But I'm not holding my breath -- perhaps I have lived inside the beltway too long. My suspicions were reinforced by today's Washington Post coverage, which leads off its political section noting that "Speaking in [the] pulpit of Rev. Martin Luther King Jr.'s Atlanta church, Sen. Barack Obama links King's vision of an America free of segregation and racism to the central tenet of his own presidential campaign, a call to end partisan rancor." Meanwhile, according to the same Post article, Clinton made an appearance at the Sunday services of the famous Abyssinian Baptist Church -- where trailblazing black congressman Rev. Adam Clayton Powell, Jr. once preached -- to receive the endorsement of its pastor. Clinton described for the congregation how she traveled with a youth group to hear Dr. King speak, and the "transforming experience" it had been in her life. That the church is in Harlem, in the congressional district of House Ways and Means Chairman Charlie Rangel -- who is a longtime leader in the Congressional Black Caucus and an outspoken Clinton supporter -- is no coincidence.

Indeed, despite Obama's unmistakable charisma and promise, one of his biggest hurdles has been winning over the civil rights leaders from Dr. King's generation. A fair amount of these notables -- like civil rights pioneer and Congressman John Lewis (D-GA) -- have endorsed Clinton. The question is whether this steadfastness is out of loyalty to the Clinton machine or a real sense that Obama is not quite ready for prime time. Civil rights leader and former ambassador Andrew Young has said Obama will be ready to be president -- in 2016. Meanwhile, Jesse Jackson is firmly in the Obama camp. One wonders how much of an impact the split in the old guard African American leadership will have on the black vote.

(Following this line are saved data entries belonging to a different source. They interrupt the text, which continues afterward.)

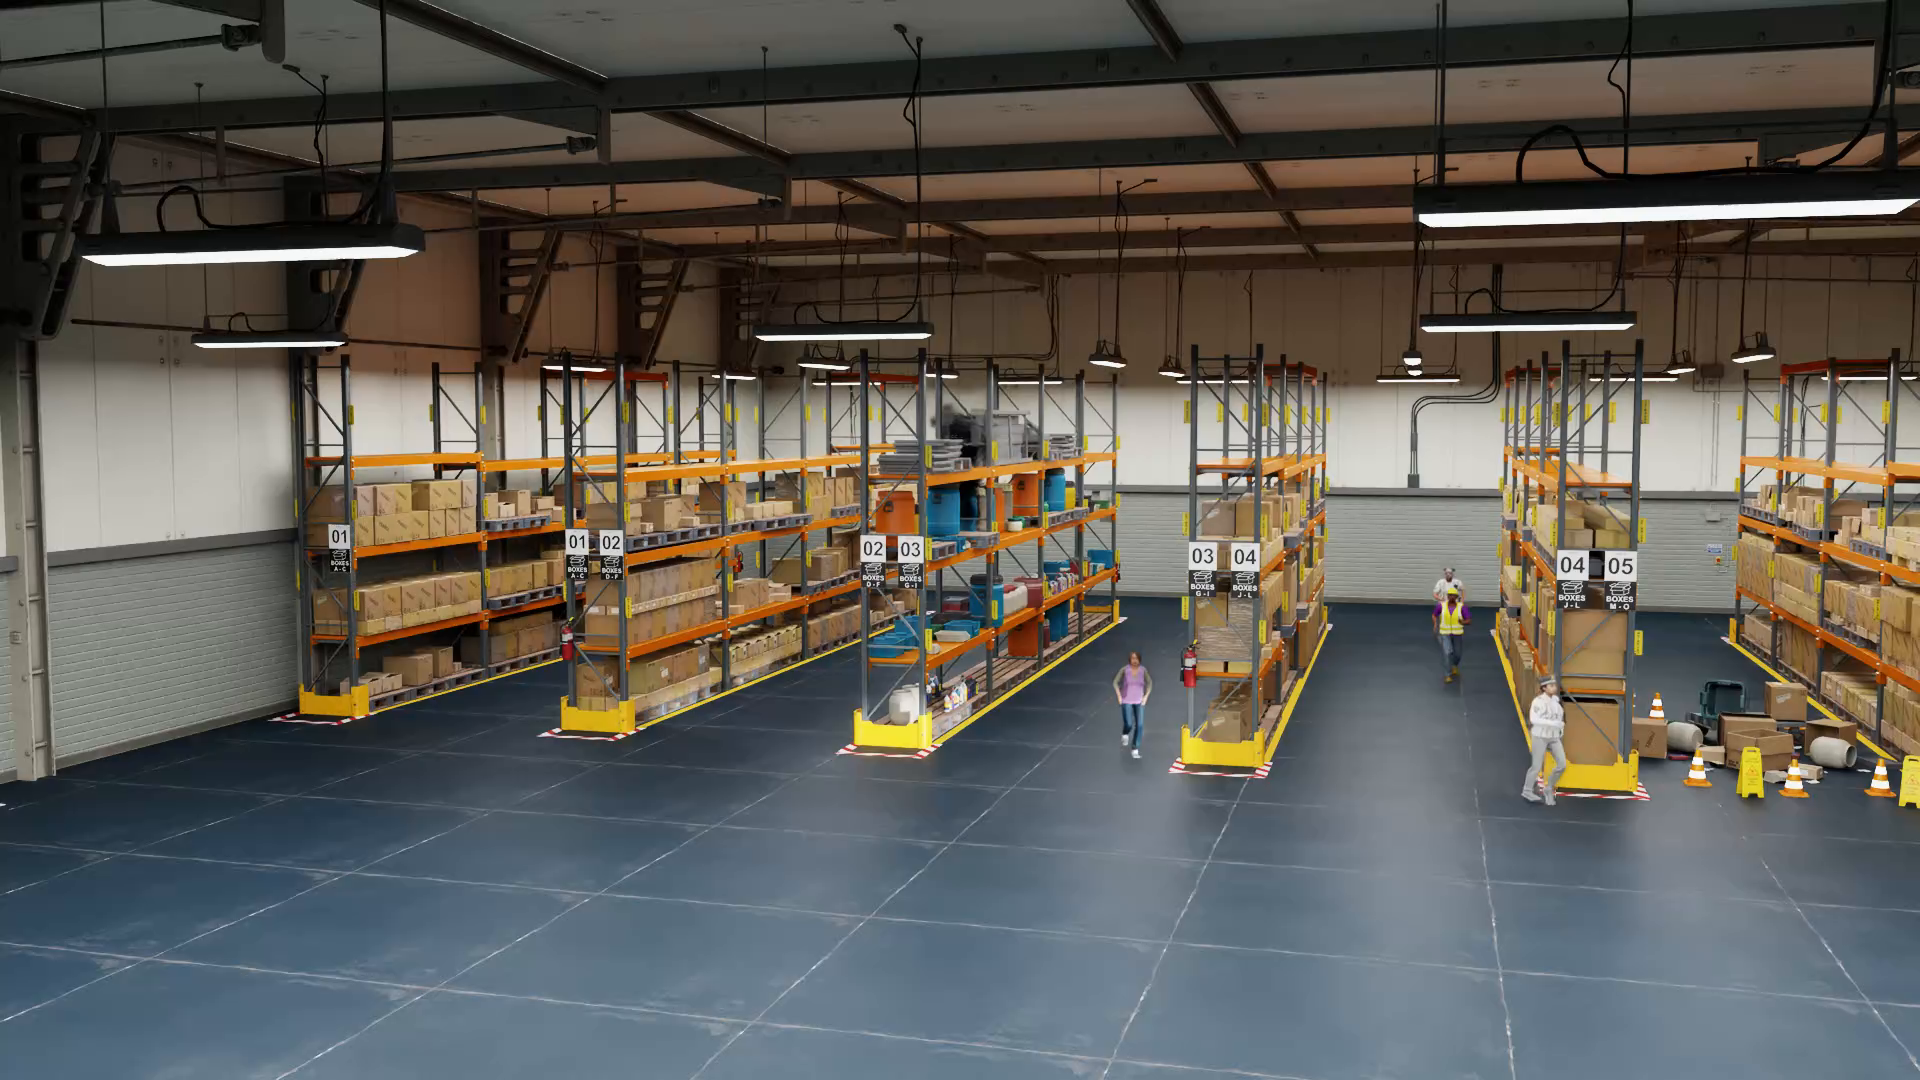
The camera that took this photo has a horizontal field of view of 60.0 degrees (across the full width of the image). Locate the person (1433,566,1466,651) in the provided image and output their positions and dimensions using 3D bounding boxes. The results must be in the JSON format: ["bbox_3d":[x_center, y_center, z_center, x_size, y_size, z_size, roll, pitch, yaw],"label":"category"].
[{"bbox_3d":[10.498,1.452,35.694,0.673,1.793,0.925,1,4,16],"label":"person"}]

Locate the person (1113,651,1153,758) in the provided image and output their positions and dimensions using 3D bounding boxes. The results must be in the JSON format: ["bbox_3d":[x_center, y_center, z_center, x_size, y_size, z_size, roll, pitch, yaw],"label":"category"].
[{"bbox_3d":[2.546,2.402,24.521,0.584,1.585,0.516,0,4,-2],"label":"person"}]

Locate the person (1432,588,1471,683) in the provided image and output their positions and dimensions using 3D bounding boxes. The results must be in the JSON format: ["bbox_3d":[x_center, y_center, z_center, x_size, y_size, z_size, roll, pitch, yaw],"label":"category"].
[{"bbox_3d":[9.226,1.772,31.221,0.710,1.747,0.955,1,4,15],"label":"person"}]

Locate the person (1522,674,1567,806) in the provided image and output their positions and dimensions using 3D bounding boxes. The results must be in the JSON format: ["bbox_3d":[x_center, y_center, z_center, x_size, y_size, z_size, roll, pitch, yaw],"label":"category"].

Not much, if the way the winds are blowing in South Carolina are any indication. Interestingly enough, African Americans as a whole -- who had been supporting Clinton over Obama in the early going -- have switched in droves to Obama since he established his bona fides in Iowa. And no wonder. If the son of a black man from Kenya and a white woman from Kansas can win in the frozen plains of Iowa -- which are as white as its population -- there's a new sense that Obama really could win over Joe Voter in Middle America. His challenge, however, remains in winning over Josephine Voter. Clinton's got the clear edge there, and the gender gap is not only alive and well it's keeping the Democratic Party afloat.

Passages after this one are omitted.